Posted by Brian Cantwell


Parks volunteer Michael Hayes spends his days looking for whales
and giving lighthouse tours at Heceta Head on the Oregon coast.

There's a bizarre subculture on the fringes of our nation, often concentrated near coastlines. Their only permanent address is a private post box in some far town. They live a life in which they're ready to break camp and move on whenever the whim strikes, or if state or federal officials might begin to notice that they've overstayed their welcome. Most likely, they will never be counted in the census.

They are not terrorists. They are campground hosts.

These are folks, usually retired, in their 60s or 70s, who live in their RVs and help manage state or federal campgrounds in exchange for free camp stays.

They might also act as volunteer interpreters, or tour guides, such as Michael and Kathy Hayes, whom we met on a blue-sky sunny day when they were sitting in their lawn chairs, binoculars in hand, in front of Heceta Head Lighthouse, one of the most scenic spots on the Oregon Coast (or on earth, for that matter).

Like highway workers, they wore bright orange safety vests. But across the back it said, "VOLUNTEER."

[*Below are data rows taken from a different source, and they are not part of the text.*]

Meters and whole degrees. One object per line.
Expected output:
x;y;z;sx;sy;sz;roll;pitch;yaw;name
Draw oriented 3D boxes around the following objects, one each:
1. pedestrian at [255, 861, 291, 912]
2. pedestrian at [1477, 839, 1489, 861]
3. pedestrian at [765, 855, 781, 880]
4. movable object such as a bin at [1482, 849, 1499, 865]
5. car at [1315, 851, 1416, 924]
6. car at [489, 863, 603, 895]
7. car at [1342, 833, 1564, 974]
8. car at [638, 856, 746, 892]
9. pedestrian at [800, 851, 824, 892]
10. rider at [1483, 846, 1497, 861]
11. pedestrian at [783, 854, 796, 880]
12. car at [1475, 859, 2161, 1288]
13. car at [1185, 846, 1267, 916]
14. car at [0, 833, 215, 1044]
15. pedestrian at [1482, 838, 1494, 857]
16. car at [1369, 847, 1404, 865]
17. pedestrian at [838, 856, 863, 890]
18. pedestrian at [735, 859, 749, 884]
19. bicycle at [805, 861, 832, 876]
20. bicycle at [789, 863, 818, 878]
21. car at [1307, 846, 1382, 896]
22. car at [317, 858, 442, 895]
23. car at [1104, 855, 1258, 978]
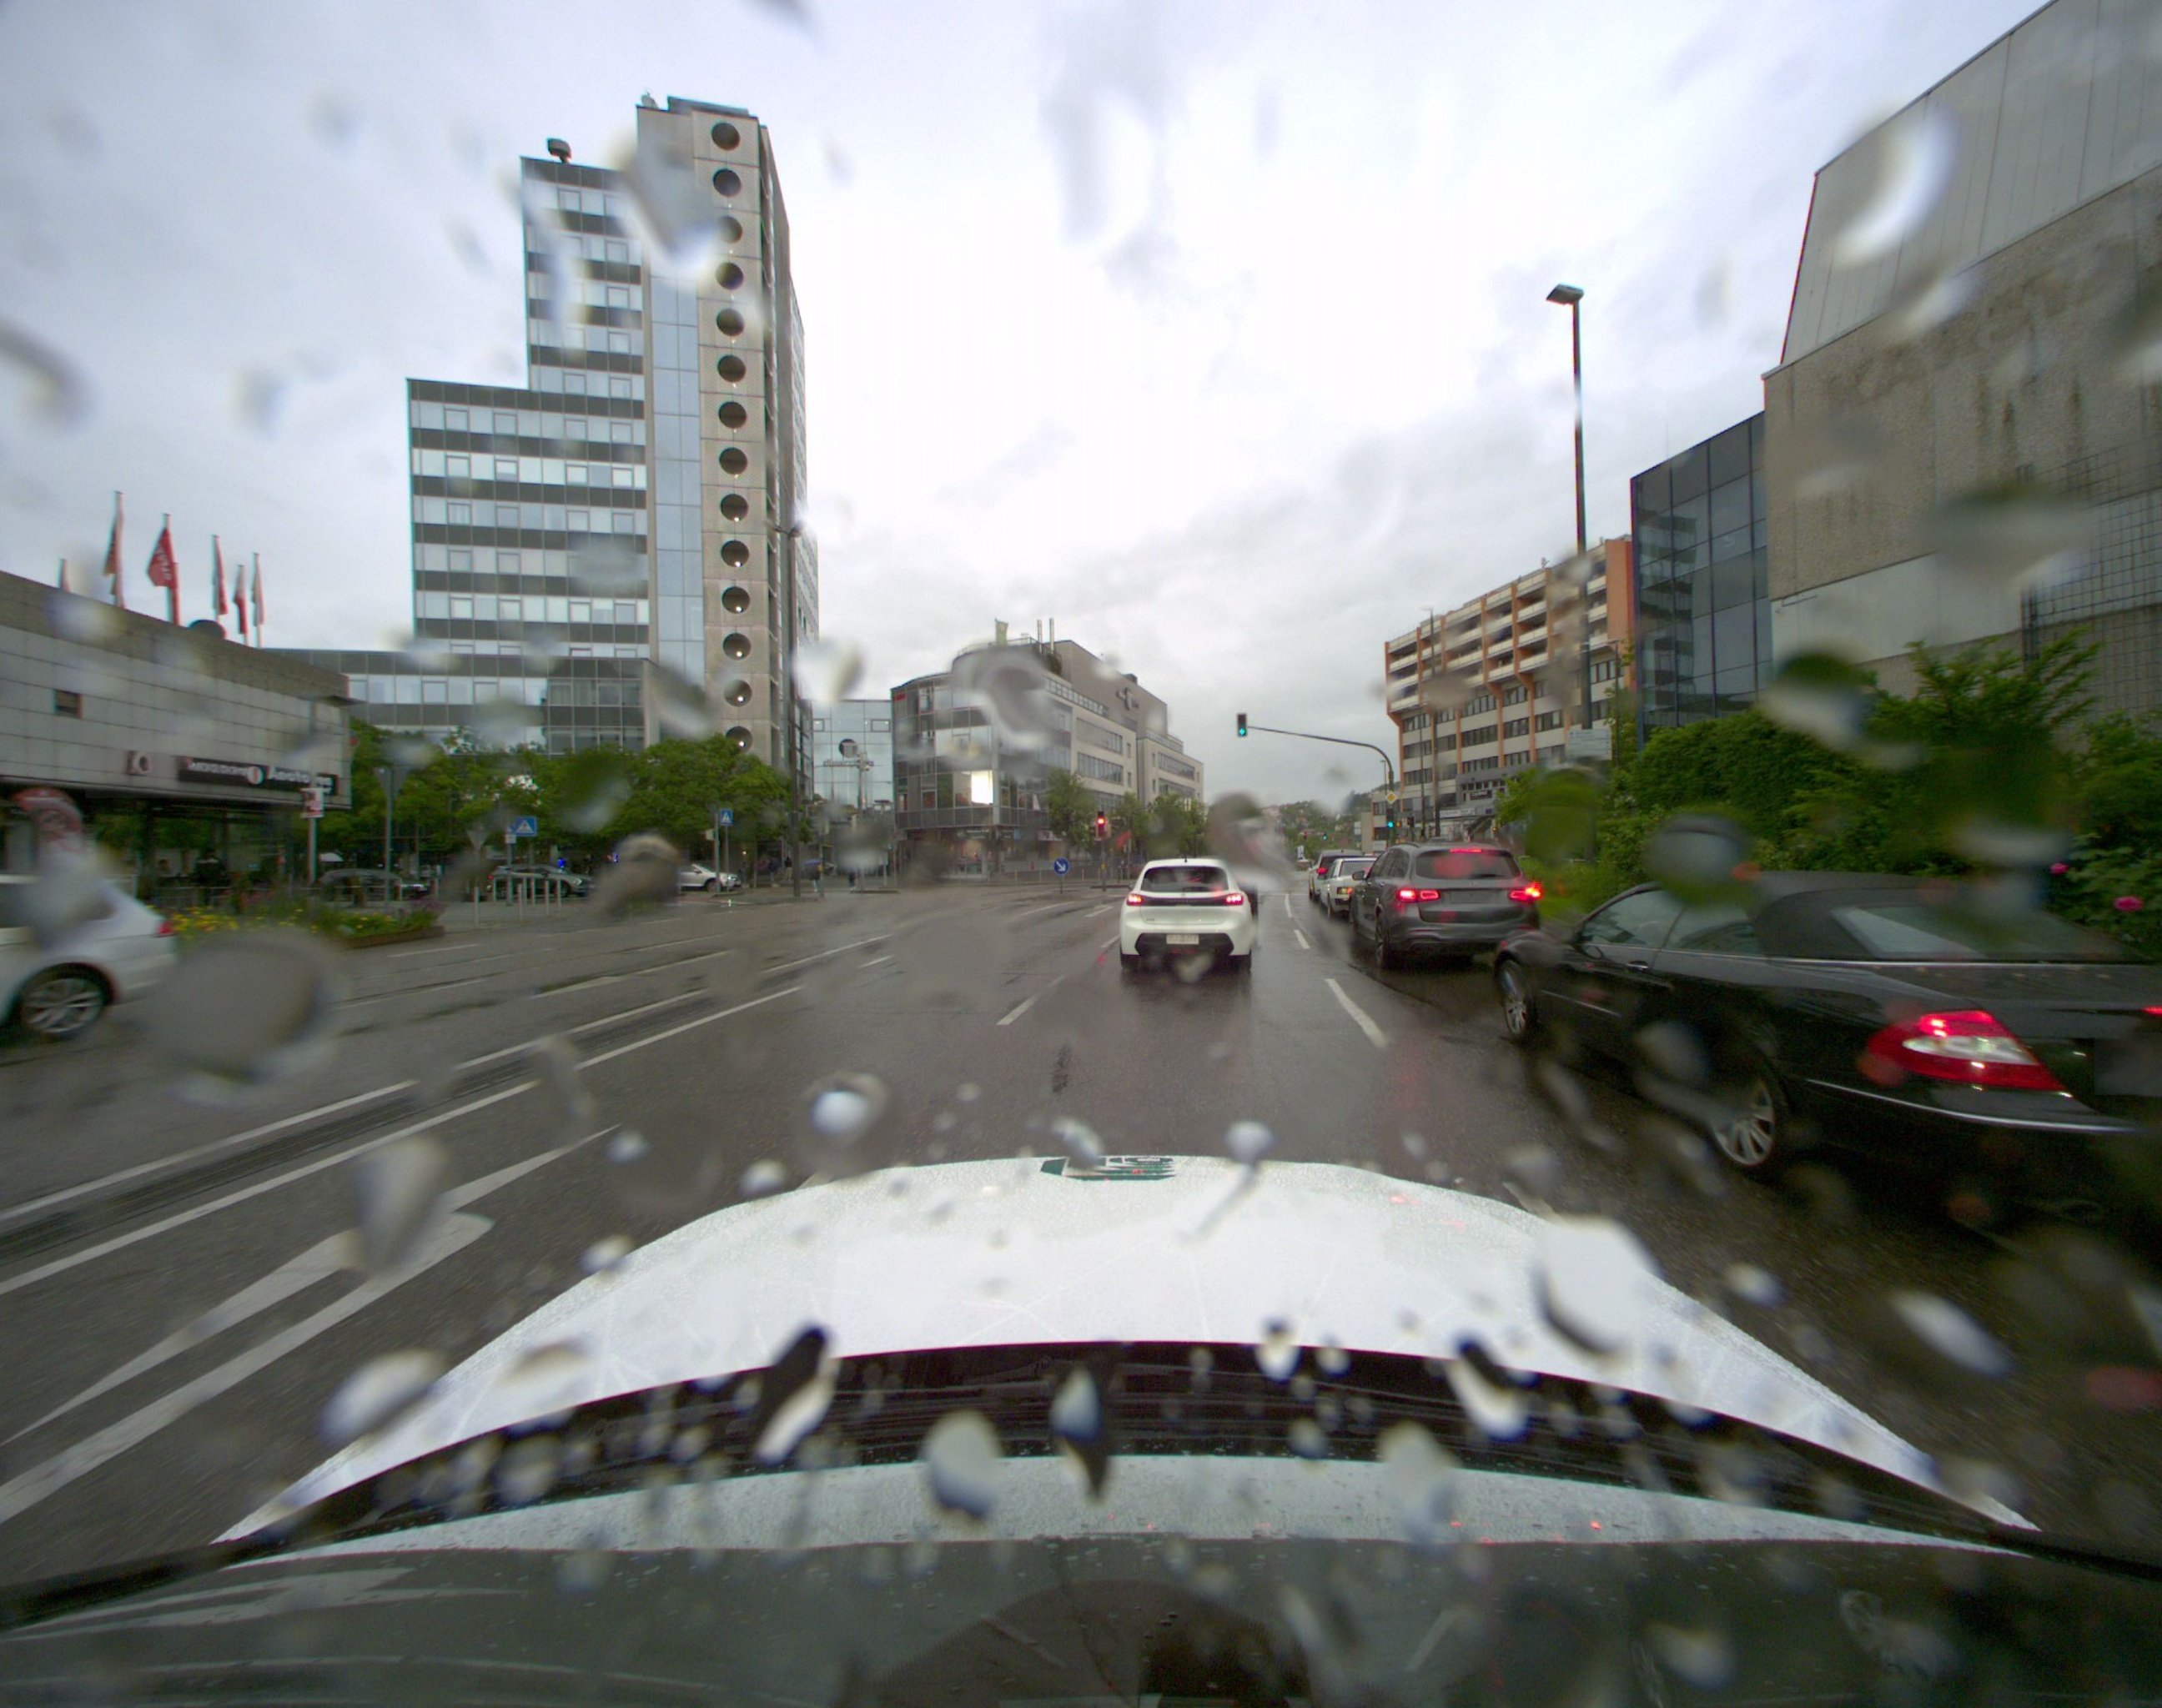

We struck up a conversation. They had seen a gray whale a little earlier, "just a young male, not many spouts, not much tail action, just sort of hanging around," Michael said. "But lots of times the mothers and calves will come right in close here around the head."

When I asked where they're from, he said he grew up in Medford, Ore., and Kathy was from The Dalles. But where do they live now?

"Now we volunteer at state parks and live full-time in our RV!" he said. While volunteering as interpreters and tour guides at the lighthouse, they get free camping at nearby Carl G. Washburne Memorial State Park.

"We really like it, it's just a great lifestyle!" Michael said. "Plus we get to sit out here and look at this view for four hours a day!" Below their perch, pelicans bobbed in the surf. In the summer, puffins are seen around the rocks.


Michael and Kathy Hayes get this view
from an upper window of Heceta Head
Lighthouse when they give tours.

Besides pointing out wildlife, they give a 10-minute lighthouse tour whenever someone wanders up the trail and asks for one. Tours are free, after you've paid the $5-per-vehicle parking fee for the park.

"We get people here from all over the world," Kathy said.

Besides working as tour guides, campground hosts may sell firewood, perform maintenance and cleaning, and generally act as hosts and sources of information for other campers. Most campgrounds have at least two hosts; a sign posted by their sites indicates when they are on or off duty.

Some hosts add a bit of their own personality to their campsites, such as at Cape Lookout State Park, where one host had a flock of plastic pink flamingos sprouting from the earth and strings of white twinkly lights festooning their RV and surrounding salal bushes.